RATIONALE: Drugs used in chemotherapy use different ways to stop tumor cells from dividing so they stop growing or die. Combining more than one drug may kill more tumor cells.

PURPOSE: Phase I trial to study the effectiveness of carmustine plus O(6)-benzylguanine in treating patients who have recurrent or progressive gliomas of the brain.

OBJECTIVES: I. Determine the maximum tolerated dose of carmustine when administered following O6-benzylguanine in patients with recurrent, persistent, or progressive cerebral anaplastic gliomas. II. Characterize the toxic effects associated with this treatment regimen in these patients. III. Observe patients for clinical antitumor response when treated with this regimen.
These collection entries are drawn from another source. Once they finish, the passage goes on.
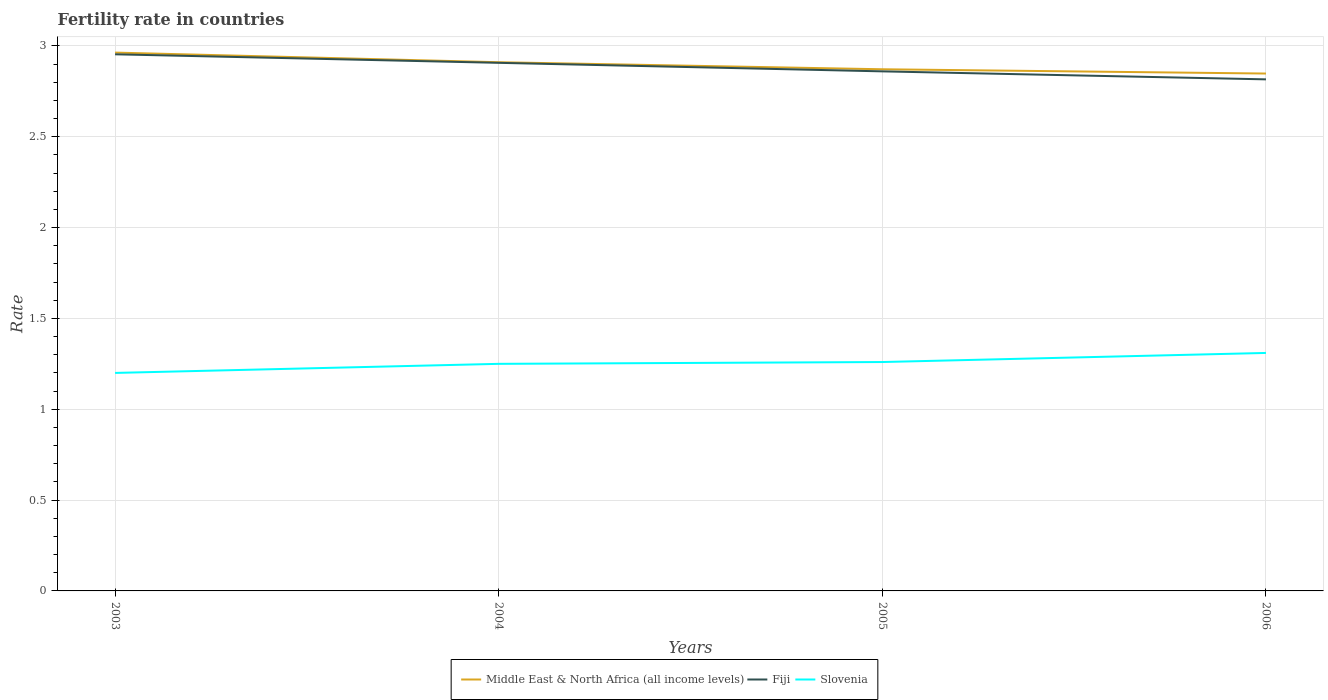How many different coloured lines are there?
Make the answer very short. 3. Across all years, what is the maximum fertility rate in Middle East & North Africa (all income levels)?
Make the answer very short. 2.85. What is the total fertility rate in Slovenia in the graph?
Your answer should be compact. -0.01. What is the difference between the highest and the second highest fertility rate in Slovenia?
Ensure brevity in your answer.  0.11. What is the difference between the highest and the lowest fertility rate in Slovenia?
Your answer should be very brief. 2. Is the fertility rate in Slovenia strictly greater than the fertility rate in Fiji over the years?
Give a very brief answer. Yes. How many lines are there?
Provide a short and direct response. 3. Are the values on the major ticks of Y-axis written in scientific E-notation?
Ensure brevity in your answer.  No. How many legend labels are there?
Your answer should be very brief. 3. How are the legend labels stacked?
Offer a terse response. Horizontal. What is the title of the graph?
Give a very brief answer. Fertility rate in countries. What is the label or title of the X-axis?
Your answer should be compact. Years. What is the label or title of the Y-axis?
Provide a short and direct response. Rate. What is the Rate in Middle East & North Africa (all income levels) in 2003?
Offer a terse response. 2.96. What is the Rate of Fiji in 2003?
Your answer should be compact. 2.95. What is the Rate in Middle East & North Africa (all income levels) in 2004?
Your answer should be very brief. 2.91. What is the Rate in Fiji in 2004?
Give a very brief answer. 2.91. What is the Rate of Slovenia in 2004?
Make the answer very short. 1.25. What is the Rate in Middle East & North Africa (all income levels) in 2005?
Your answer should be compact. 2.87. What is the Rate of Fiji in 2005?
Your response must be concise. 2.86. What is the Rate in Slovenia in 2005?
Provide a succinct answer. 1.26. What is the Rate in Middle East & North Africa (all income levels) in 2006?
Provide a short and direct response. 2.85. What is the Rate of Fiji in 2006?
Your answer should be very brief. 2.82. What is the Rate in Slovenia in 2006?
Make the answer very short. 1.31. Across all years, what is the maximum Rate in Middle East & North Africa (all income levels)?
Provide a succinct answer. 2.96. Across all years, what is the maximum Rate in Fiji?
Provide a short and direct response. 2.95. Across all years, what is the maximum Rate of Slovenia?
Offer a terse response. 1.31. Across all years, what is the minimum Rate in Middle East & North Africa (all income levels)?
Offer a very short reply. 2.85. Across all years, what is the minimum Rate in Fiji?
Offer a terse response. 2.82. Across all years, what is the minimum Rate of Slovenia?
Your response must be concise. 1.2. What is the total Rate of Middle East & North Africa (all income levels) in the graph?
Your response must be concise. 11.59. What is the total Rate of Fiji in the graph?
Provide a short and direct response. 11.54. What is the total Rate in Slovenia in the graph?
Offer a very short reply. 5.02. What is the difference between the Rate of Middle East & North Africa (all income levels) in 2003 and that in 2004?
Ensure brevity in your answer.  0.05. What is the difference between the Rate of Fiji in 2003 and that in 2004?
Ensure brevity in your answer.  0.05. What is the difference between the Rate in Slovenia in 2003 and that in 2004?
Give a very brief answer. -0.05. What is the difference between the Rate in Middle East & North Africa (all income levels) in 2003 and that in 2005?
Give a very brief answer. 0.09. What is the difference between the Rate in Fiji in 2003 and that in 2005?
Ensure brevity in your answer.  0.09. What is the difference between the Rate in Slovenia in 2003 and that in 2005?
Your answer should be compact. -0.06. What is the difference between the Rate of Middle East & North Africa (all income levels) in 2003 and that in 2006?
Ensure brevity in your answer.  0.12. What is the difference between the Rate in Fiji in 2003 and that in 2006?
Keep it short and to the point. 0.14. What is the difference between the Rate in Slovenia in 2003 and that in 2006?
Offer a very short reply. -0.11. What is the difference between the Rate of Middle East & North Africa (all income levels) in 2004 and that in 2005?
Keep it short and to the point. 0.04. What is the difference between the Rate of Fiji in 2004 and that in 2005?
Offer a terse response. 0.05. What is the difference between the Rate in Slovenia in 2004 and that in 2005?
Make the answer very short. -0.01. What is the difference between the Rate of Middle East & North Africa (all income levels) in 2004 and that in 2006?
Offer a very short reply. 0.06. What is the difference between the Rate of Fiji in 2004 and that in 2006?
Offer a terse response. 0.09. What is the difference between the Rate of Slovenia in 2004 and that in 2006?
Provide a short and direct response. -0.06. What is the difference between the Rate in Middle East & North Africa (all income levels) in 2005 and that in 2006?
Offer a very short reply. 0.02. What is the difference between the Rate of Fiji in 2005 and that in 2006?
Your answer should be compact. 0.04. What is the difference between the Rate in Middle East & North Africa (all income levels) in 2003 and the Rate in Fiji in 2004?
Your answer should be very brief. 0.06. What is the difference between the Rate in Middle East & North Africa (all income levels) in 2003 and the Rate in Slovenia in 2004?
Offer a very short reply. 1.71. What is the difference between the Rate of Fiji in 2003 and the Rate of Slovenia in 2004?
Offer a very short reply. 1.7. What is the difference between the Rate of Middle East & North Africa (all income levels) in 2003 and the Rate of Fiji in 2005?
Provide a succinct answer. 0.1. What is the difference between the Rate in Middle East & North Africa (all income levels) in 2003 and the Rate in Slovenia in 2005?
Provide a short and direct response. 1.7. What is the difference between the Rate of Fiji in 2003 and the Rate of Slovenia in 2005?
Offer a terse response. 1.69. What is the difference between the Rate of Middle East & North Africa (all income levels) in 2003 and the Rate of Fiji in 2006?
Your response must be concise. 0.15. What is the difference between the Rate in Middle East & North Africa (all income levels) in 2003 and the Rate in Slovenia in 2006?
Provide a short and direct response. 1.65. What is the difference between the Rate of Fiji in 2003 and the Rate of Slovenia in 2006?
Your response must be concise. 1.64. What is the difference between the Rate in Middle East & North Africa (all income levels) in 2004 and the Rate in Fiji in 2005?
Your answer should be compact. 0.05. What is the difference between the Rate of Middle East & North Africa (all income levels) in 2004 and the Rate of Slovenia in 2005?
Provide a succinct answer. 1.65. What is the difference between the Rate in Fiji in 2004 and the Rate in Slovenia in 2005?
Keep it short and to the point. 1.65. What is the difference between the Rate of Middle East & North Africa (all income levels) in 2004 and the Rate of Fiji in 2006?
Keep it short and to the point. 0.09. What is the difference between the Rate in Middle East & North Africa (all income levels) in 2004 and the Rate in Slovenia in 2006?
Give a very brief answer. 1.6. What is the difference between the Rate in Fiji in 2004 and the Rate in Slovenia in 2006?
Make the answer very short. 1.6. What is the difference between the Rate of Middle East & North Africa (all income levels) in 2005 and the Rate of Fiji in 2006?
Provide a succinct answer. 0.06. What is the difference between the Rate in Middle East & North Africa (all income levels) in 2005 and the Rate in Slovenia in 2006?
Offer a very short reply. 1.56. What is the difference between the Rate in Fiji in 2005 and the Rate in Slovenia in 2006?
Offer a terse response. 1.55. What is the average Rate of Middle East & North Africa (all income levels) per year?
Your answer should be compact. 2.9. What is the average Rate of Fiji per year?
Make the answer very short. 2.88. What is the average Rate in Slovenia per year?
Your answer should be compact. 1.25. In the year 2003, what is the difference between the Rate in Middle East & North Africa (all income levels) and Rate in Fiji?
Your answer should be compact. 0.01. In the year 2003, what is the difference between the Rate of Middle East & North Africa (all income levels) and Rate of Slovenia?
Keep it short and to the point. 1.76. In the year 2003, what is the difference between the Rate in Fiji and Rate in Slovenia?
Offer a terse response. 1.75. In the year 2004, what is the difference between the Rate of Middle East & North Africa (all income levels) and Rate of Fiji?
Your answer should be very brief. 0. In the year 2004, what is the difference between the Rate in Middle East & North Africa (all income levels) and Rate in Slovenia?
Offer a terse response. 1.66. In the year 2004, what is the difference between the Rate in Fiji and Rate in Slovenia?
Make the answer very short. 1.66. In the year 2005, what is the difference between the Rate in Middle East & North Africa (all income levels) and Rate in Fiji?
Your answer should be compact. 0.01. In the year 2005, what is the difference between the Rate in Middle East & North Africa (all income levels) and Rate in Slovenia?
Make the answer very short. 1.61. In the year 2005, what is the difference between the Rate in Fiji and Rate in Slovenia?
Provide a short and direct response. 1.6. In the year 2006, what is the difference between the Rate of Middle East & North Africa (all income levels) and Rate of Fiji?
Keep it short and to the point. 0.03. In the year 2006, what is the difference between the Rate in Middle East & North Africa (all income levels) and Rate in Slovenia?
Offer a very short reply. 1.54. In the year 2006, what is the difference between the Rate of Fiji and Rate of Slovenia?
Offer a terse response. 1.51. What is the ratio of the Rate in Middle East & North Africa (all income levels) in 2003 to that in 2004?
Provide a short and direct response. 1.02. What is the ratio of the Rate of Fiji in 2003 to that in 2004?
Make the answer very short. 1.02. What is the ratio of the Rate of Slovenia in 2003 to that in 2004?
Offer a terse response. 0.96. What is the ratio of the Rate in Middle East & North Africa (all income levels) in 2003 to that in 2005?
Your response must be concise. 1.03. What is the ratio of the Rate of Fiji in 2003 to that in 2005?
Keep it short and to the point. 1.03. What is the ratio of the Rate of Slovenia in 2003 to that in 2005?
Give a very brief answer. 0.95. What is the ratio of the Rate in Middle East & North Africa (all income levels) in 2003 to that in 2006?
Offer a terse response. 1.04. What is the ratio of the Rate of Fiji in 2003 to that in 2006?
Keep it short and to the point. 1.05. What is the ratio of the Rate of Slovenia in 2003 to that in 2006?
Offer a terse response. 0.92. What is the ratio of the Rate in Middle East & North Africa (all income levels) in 2004 to that in 2005?
Your answer should be very brief. 1.01. What is the ratio of the Rate in Fiji in 2004 to that in 2005?
Make the answer very short. 1.02. What is the ratio of the Rate of Middle East & North Africa (all income levels) in 2004 to that in 2006?
Your answer should be very brief. 1.02. What is the ratio of the Rate in Fiji in 2004 to that in 2006?
Ensure brevity in your answer.  1.03. What is the ratio of the Rate in Slovenia in 2004 to that in 2006?
Your answer should be very brief. 0.95. What is the ratio of the Rate of Middle East & North Africa (all income levels) in 2005 to that in 2006?
Ensure brevity in your answer.  1.01. What is the ratio of the Rate in Fiji in 2005 to that in 2006?
Give a very brief answer. 1.02. What is the ratio of the Rate in Slovenia in 2005 to that in 2006?
Offer a terse response. 0.96. What is the difference between the highest and the second highest Rate of Middle East & North Africa (all income levels)?
Give a very brief answer. 0.05. What is the difference between the highest and the second highest Rate of Fiji?
Offer a very short reply. 0.05. What is the difference between the highest and the lowest Rate of Middle East & North Africa (all income levels)?
Your answer should be very brief. 0.12. What is the difference between the highest and the lowest Rate of Fiji?
Provide a short and direct response. 0.14. What is the difference between the highest and the lowest Rate in Slovenia?
Give a very brief answer. 0.11.

OUTLINE: Patients are stratified according to prior nitrosourea administration (yes or no). (Prior nitrosoureas stratum closed) An initial cohort of 3 patients per stratum is treated with intravenous O6-benzylguanine followed approximately 1 hour later by intravenous carmustine every 6 weeks. Additional cohorts of 3-6 patients are treated with escalating doses of carmustine until dose limiting toxicity (DLT) is observed. The maximum tolerated dose is defined as the dose at which no more than 1 of 6 patients experiences DLT. Courses are repeated every 6 weeks in the absence of disease progression or unacceptable toxicity.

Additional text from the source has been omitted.